South of the bridges, Ty saw something that surprised him more than the destruction of his hometown: a massive airship floating toward DC. It looked like a Zeppelin from the early 1900s—an elongated, flying football that glided through the air like a massive ship on the sea.
At the bottom, near the front, a crew and passenger compartment hung like a train car affixed there, with windows and large guns mounted at the front and along the sides.
There was no insignia on the ship. “Look,” Kato said, pointing at it.
Ty watched as a massive ramp dropped open at the bottom of the compartment. Figures raced to the end of the ramp and dove, flying face first.
Two dozen people exited the airship before the ramp closed up.
Soon, the divers ripped cords on their chests and parachutes bloomed in the air, slowing their descent. There was no mistaking their destination: they were coming directly for the mall.
To the east, Ty heard a screeching roar. He panned over in time to see three missiles coming in fast.
The airship fired a booming broadside, a dozen shots that intercepted the missiles, exploding them in mid-air over the Atlantic.
Ty didn’t know what the missiles were carrying, but their explosion was like nothing he had ever felt. A buzzing wave rolled across the ruined city. Ty’s legs went weak. His head spun, like a boxer who had just been punched.
He gripped the rail on the observation deck, steadying himself. Another salvo of missiles bore down on the airship, which issued another defensive volley.

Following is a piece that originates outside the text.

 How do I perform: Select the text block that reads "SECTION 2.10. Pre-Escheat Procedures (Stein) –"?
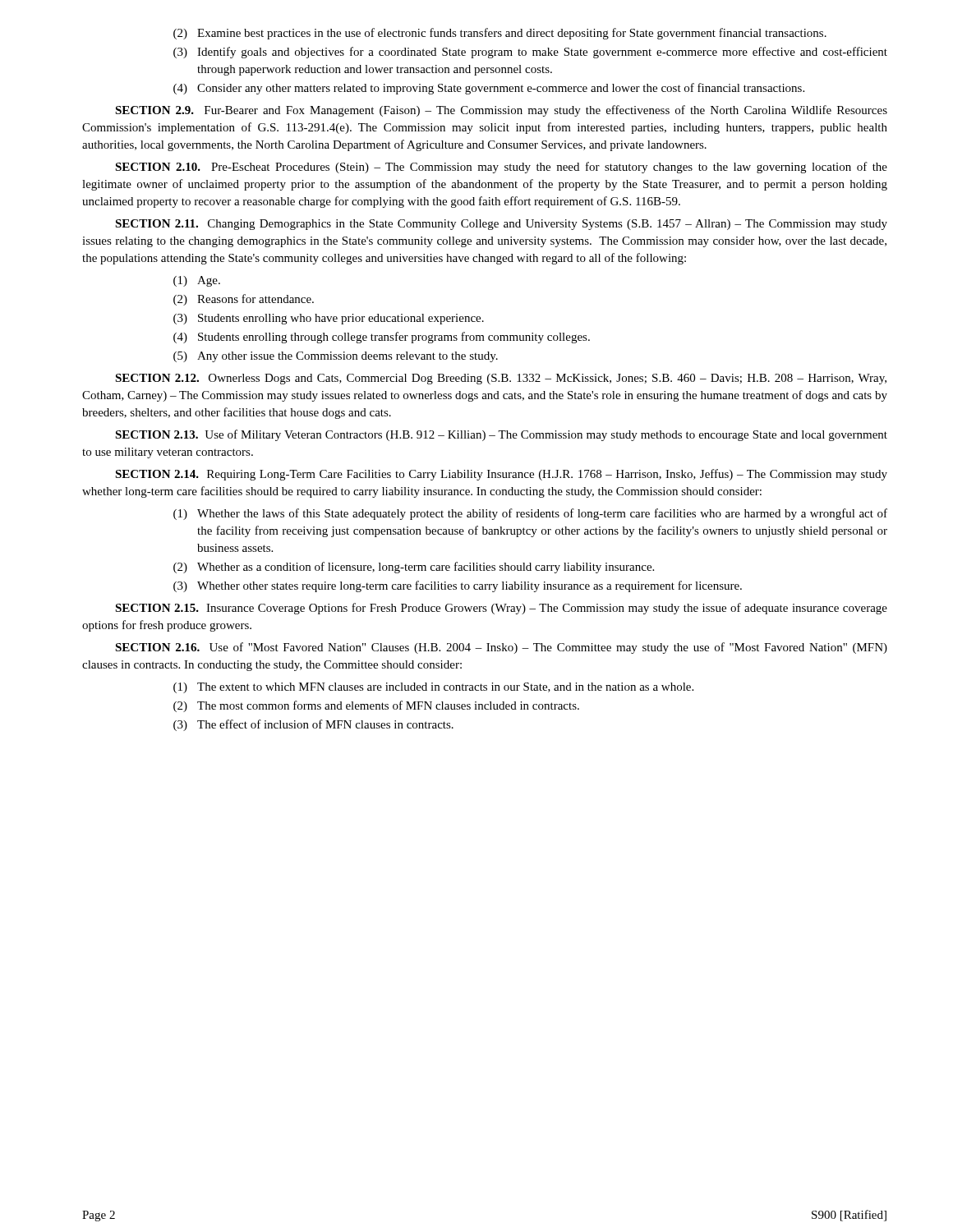coord(485,184)

Again, the wave from the detonated missiles hit him, a debilitating pulse like an electric shock. To him, it was as though the missiles were carrying ordnance that took a bite out of reality, leaving a hole in its wake.
Ty felt a hand on his shoulder.
“We have to go,” Kato said, dragging him toward the stairwell.
As he turned, Ty spotted the first of the paratroopers touching down on the mall. They were heading directly for the museum—and Nora and Maria.